MSc Thesis Defense-Department of Computer Science-Svanhvít Lilja Ingólfsdóttir
Named Entity Recognition for Icelandic: Annotated Corpus and Neural Models
Monday the 15th of June 2020, Svanhvít Lilja Ingólfsdóttir will defend her 60 ECTS thesis in Language Technology.
Candidate: Svanhvít Lilja Ingólfsdóttir
Supervisor: Dr. Hrafn Loftsson, Associate Professor, Department of Computer Science
Title: Named Entity Recognition for Icelandic: Annotated Corpus and Neural Models
Date and Time: June 15th at 10:00 in Room M104
Abstract: Named entity recognition (NER) is the task of automatically extracting and classifying the names of people, places, companies, etc. from text.
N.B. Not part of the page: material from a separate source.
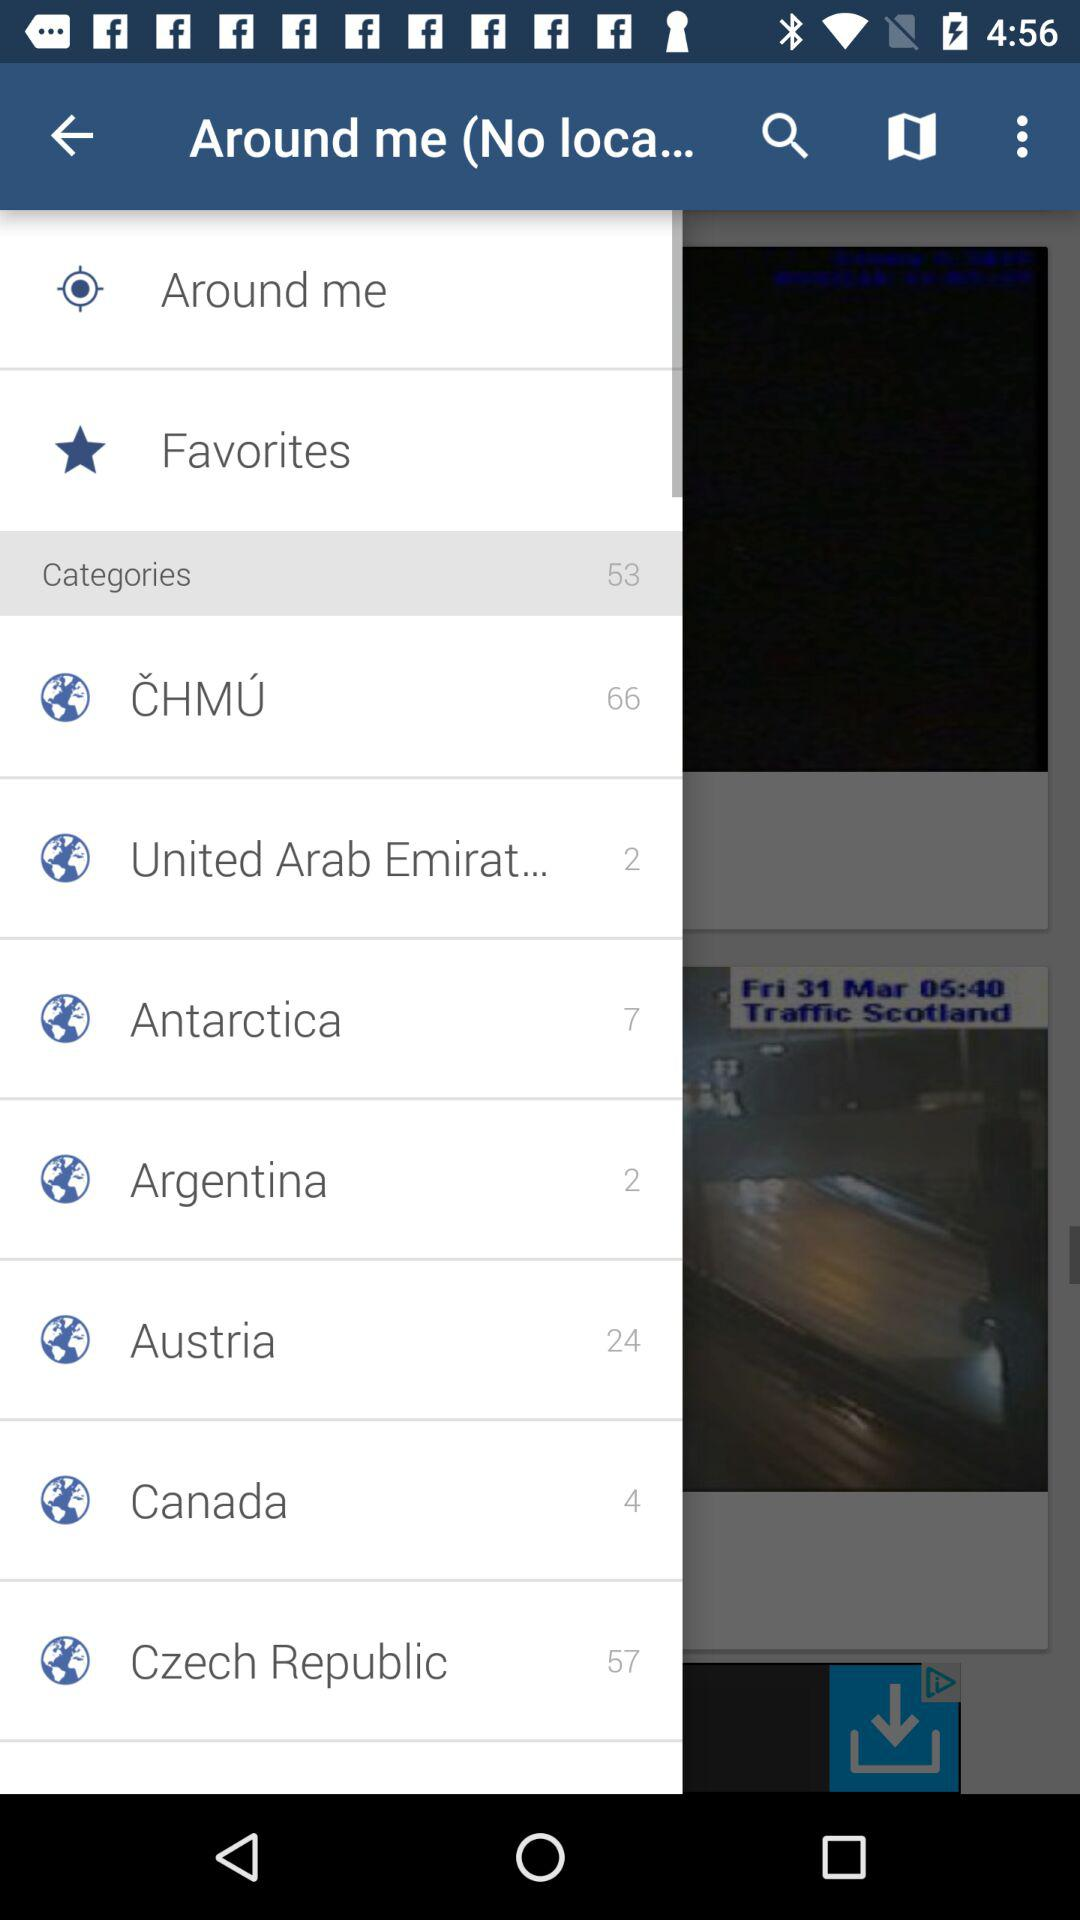How many categories are there in Antarctica? There are 7 categories.

NER is an important preprocessing step in various different language technology tasks, such as question answering, speech recognition, search engine optimization and data anonymization, but can prove difficult, especially in highly-inflected languages like Icelandic. Named entity recognizers are usually trained on text corpora in which the named entities have been annotated, but no such corpus has been available for Icelandic.
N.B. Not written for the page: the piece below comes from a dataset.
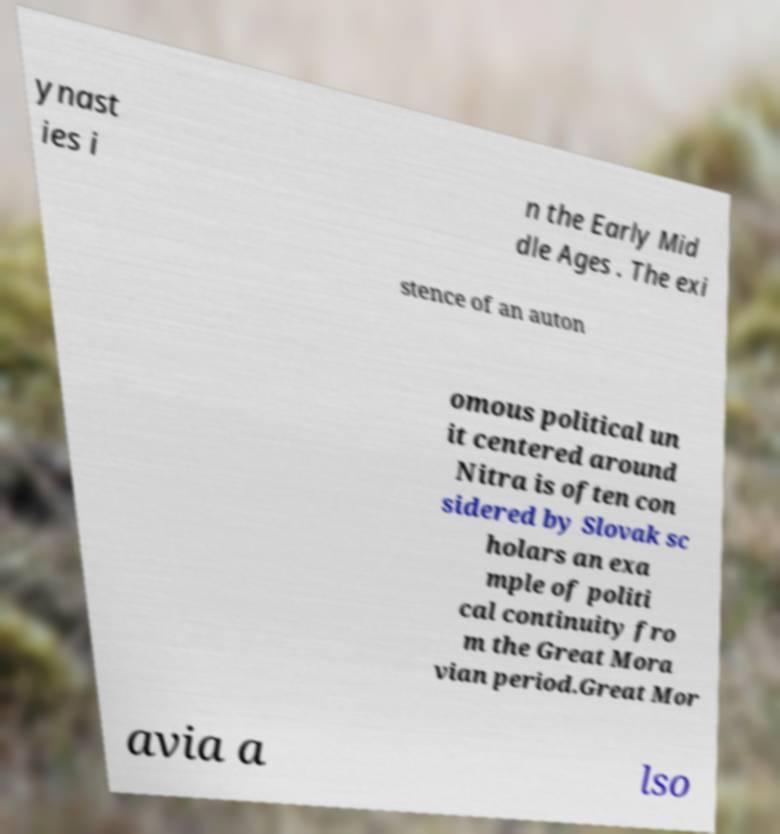What messages or text are displayed in this image? I need them in a readable, typed format. ynast ies i n the Early Mid dle Ages . The exi stence of an auton omous political un it centered around Nitra is often con sidered by Slovak sc holars an exa mple of politi cal continuity fro m the Great Mora vian period.Great Mor avia a lso 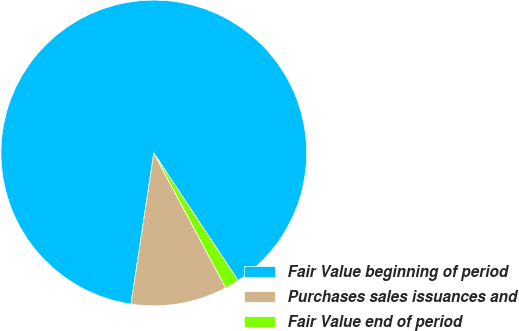Convert chart to OTSL. <chart><loc_0><loc_0><loc_500><loc_500><pie_chart><fcel>Fair Value beginning of period<fcel>Purchases sales issuances and<fcel>Fair Value end of period<nl><fcel>88.31%<fcel>10.18%<fcel>1.5%<nl></chart>

In this thesis, we present the first annotated NER corpus for Icelandic, along with neural models trained on the data. The corpus, containing over 48,000 named entities in one million tokens, was annotated with eight named entity types using a semi-automatic approach, and then manually reviewed. A bidirectional LSTM recurrent neural network was trained on the annotated corpus, using pre-trained word embeddings as external input. We report an F1 score of 83.65% for all eight entity types when trained on the whole corpus.